Despite the summer period, the publication of real-estate news has not ceased. The real-estate team of the firm SQUADRA AVOCATS deciphers these latest developments for the players in the real-estate world.

Legislative developments

A simplification of civil procedure: decree no. 2025-619 of 8 July 2025

The decree known as "Magicobus II" pursues an objective of simplifying civil procedure.

It adds two new paragraphs after article 145 of the Code of Civil Procedure, which concerns investigative measures.

The first establishes an option of jurisdiction, at the claimant’s choice, between:

  • The court likely to hear the case on the merits,
  • Or, where applicable, the court in whose jurisdiction the investigative measure is to be carried out.

The second paragraph reserves exclusive jurisdiction to the court of the place where the building is located when the investigative measure relates to a building.

In a judgment of 21 June 2024 (23/57.361), the interim relief judge of Paris had declared himself to lack jurisdiction despite the clause conferring jurisdiction on the Paris court, in the name of the "principle of the proper administration of justice", which "requires retaining the exclusive jurisdiction of the president of the court ruling in interim proceedings in whose jurisdiction the measure is to be carried out, to the exclusion of any other jurisdiction", and taking into account the sometimes very great distance of the court seised from the place where the building is located and from the domicile of all the other parties.

However, the Paris Court of Appeal had, by judgment of 24 October 2024 and a press release, reaffirmed the option of jurisdiction in favour of the President of the court likely to hear the case on the merits or, alternatively, the one in whose jurisdiction the measure is to be carried out.

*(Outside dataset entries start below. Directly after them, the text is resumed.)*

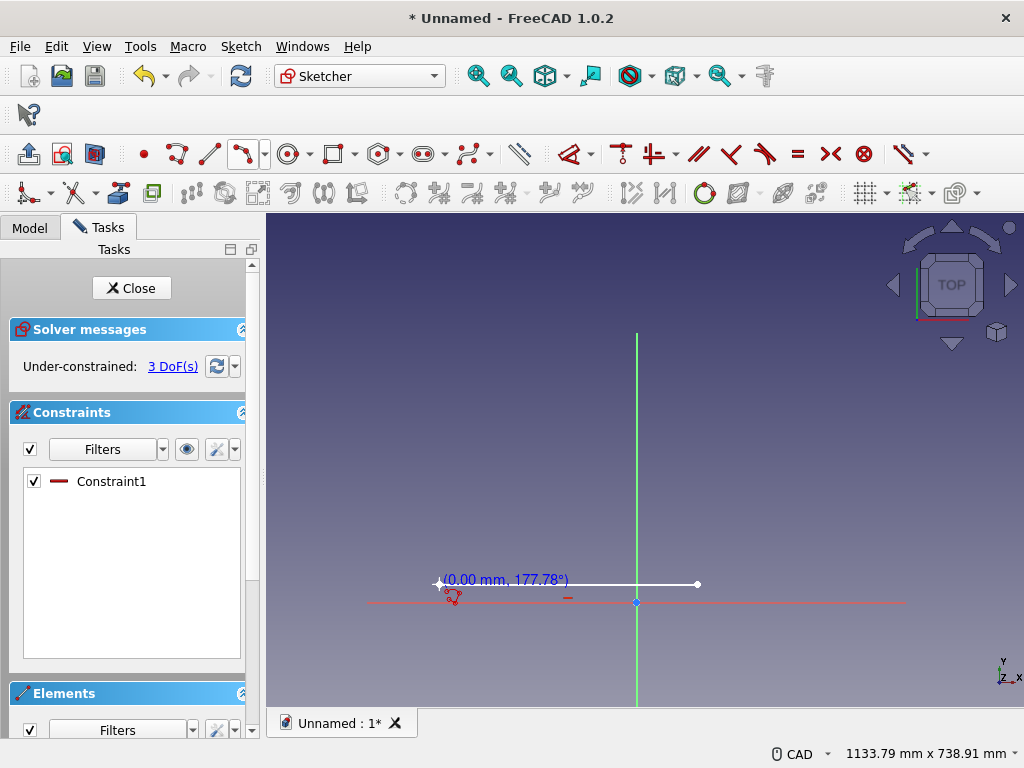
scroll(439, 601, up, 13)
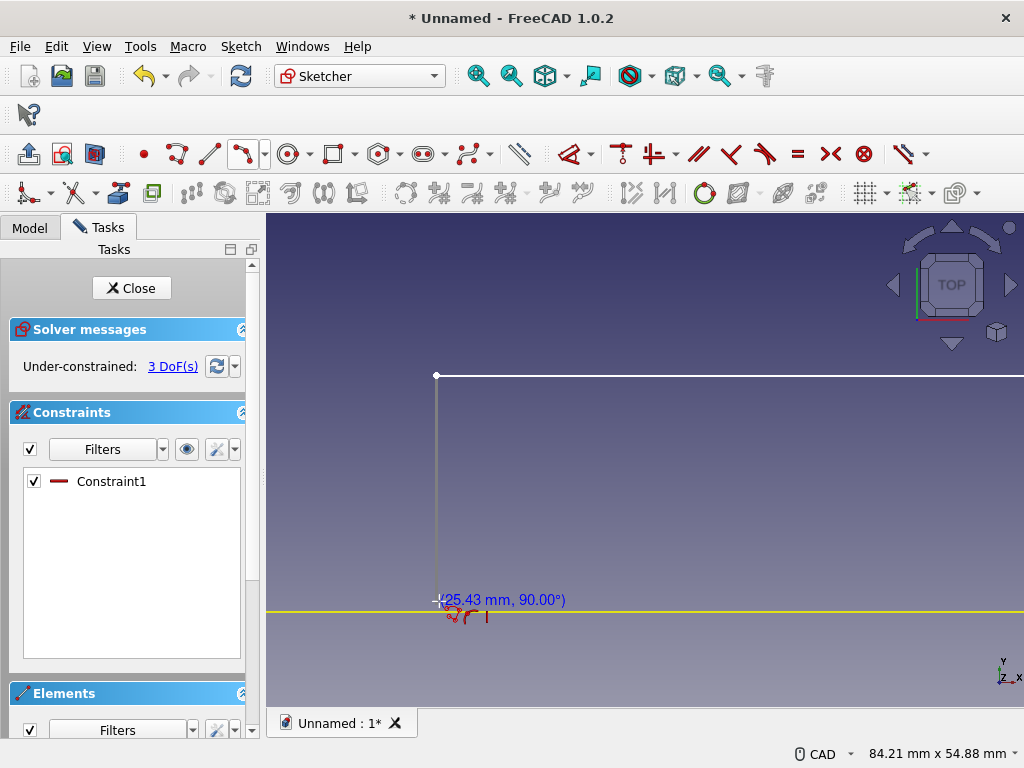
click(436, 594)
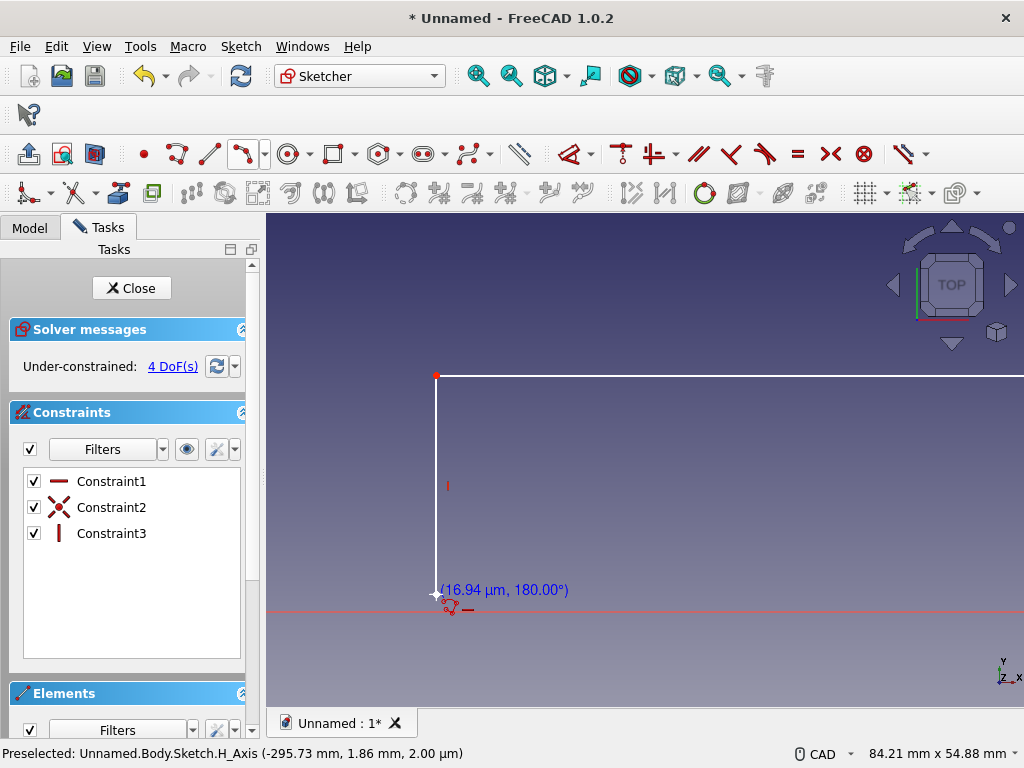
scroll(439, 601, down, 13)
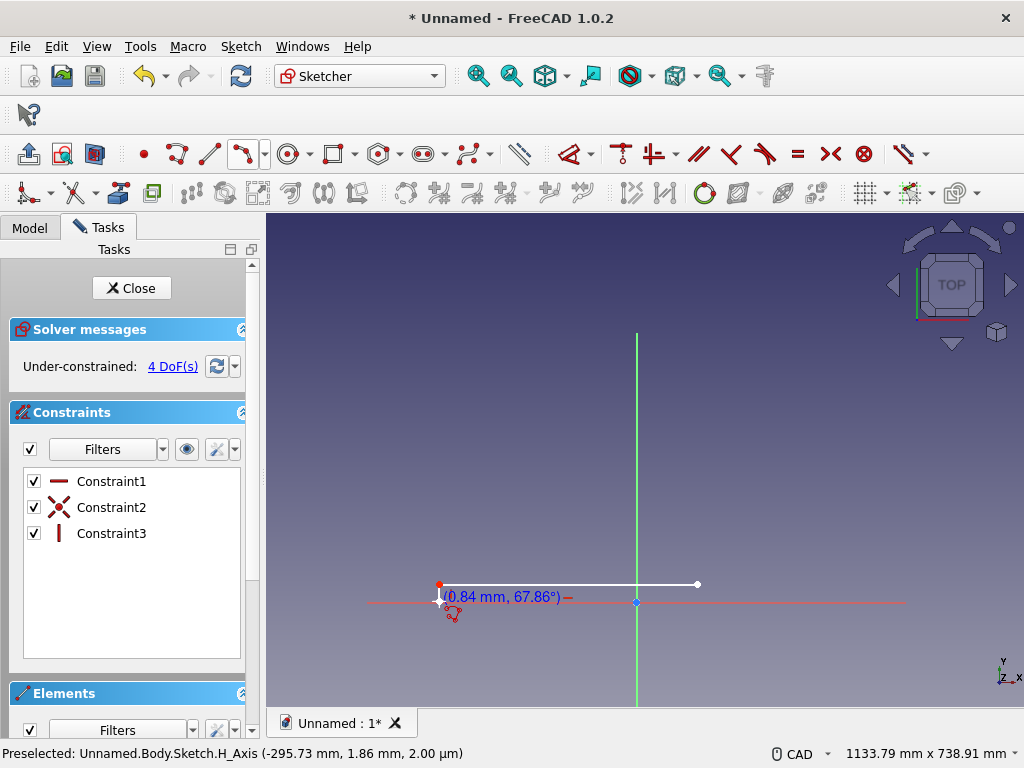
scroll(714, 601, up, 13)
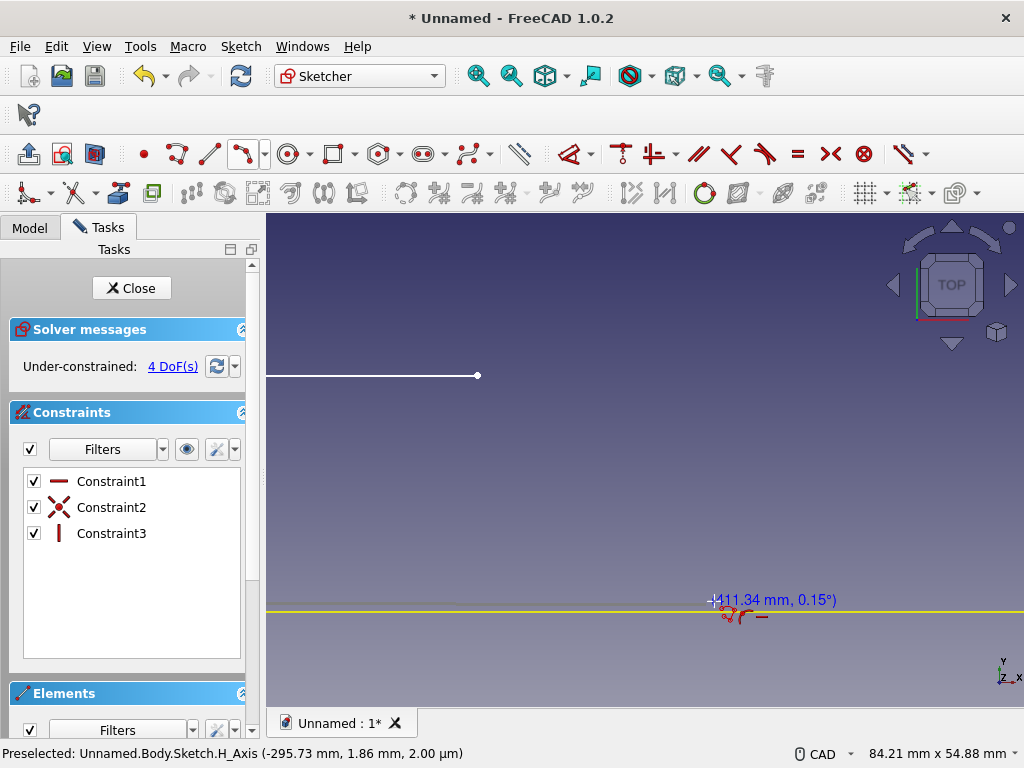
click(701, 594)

This amendment made by the decree ultimately reframes the debate over jurisdiction with regard to in futurum investigation. In essence, the provisions of the decree came into force on 1 September 2025 and apply to pending proceedings.

However, the rules of territorial jurisdiction regarding in futurum investigative measures apply only to proceedings instituted on or after 1 September 2025.

Recourse to alternative dispute resolution methods encouraged: decree no. 2025-660 of 18 July 2025

This decree aims to clarify and better structure the provisions relating to conventional investigation and the law of amicable dispute resolution methods. Among the amendments made:

  • The repeal of article 240 of the Code of Civil Procedure, which prohibited the judge from giving a conciliation mission to an expert,
  • Conventional investigation becomes the rule and judicial investigation the exception. It being specified that cases handled by conventional investigation are given priority scheduling,
  • Two avenues of conventional case preparation are defined: ordinary conventional case preparation and the participatory procedure agreement for the purposes of case preparation,
  • The generalisation of the injunction to meet a conciliator or a mediator ordered by the judge, and the introduction of a penalty for the party who, without legitimate reason, fails to comply with this injunction (payment of a civil fine of a maximum of 10,000 euros)

This decree, which came into force on 1 September 2025, largely applies to pending proceedings.

Case-law developments

Fate of rents in the presence of premises covered by a safety order:

Under article L. 521-2 of the Construction and Housing Code, the occupants of premises covered in particular by safety orders may benefit from the cessation of the chargeability of rents.

In this case, the Court of Appeal had ordered the suspension of the rents owed by the tenant to the landlord, considering that article L. 521-2 of the Construction and Housing Code applied to commercial leases.

While article L. 521-2 of the Construction and Housing Code provides for the cessation of the chargeability of rents, its wording resulting from ordinance no. 2020-1144 of 16 September 2020 provides for its application only to the occupation of a dwelling.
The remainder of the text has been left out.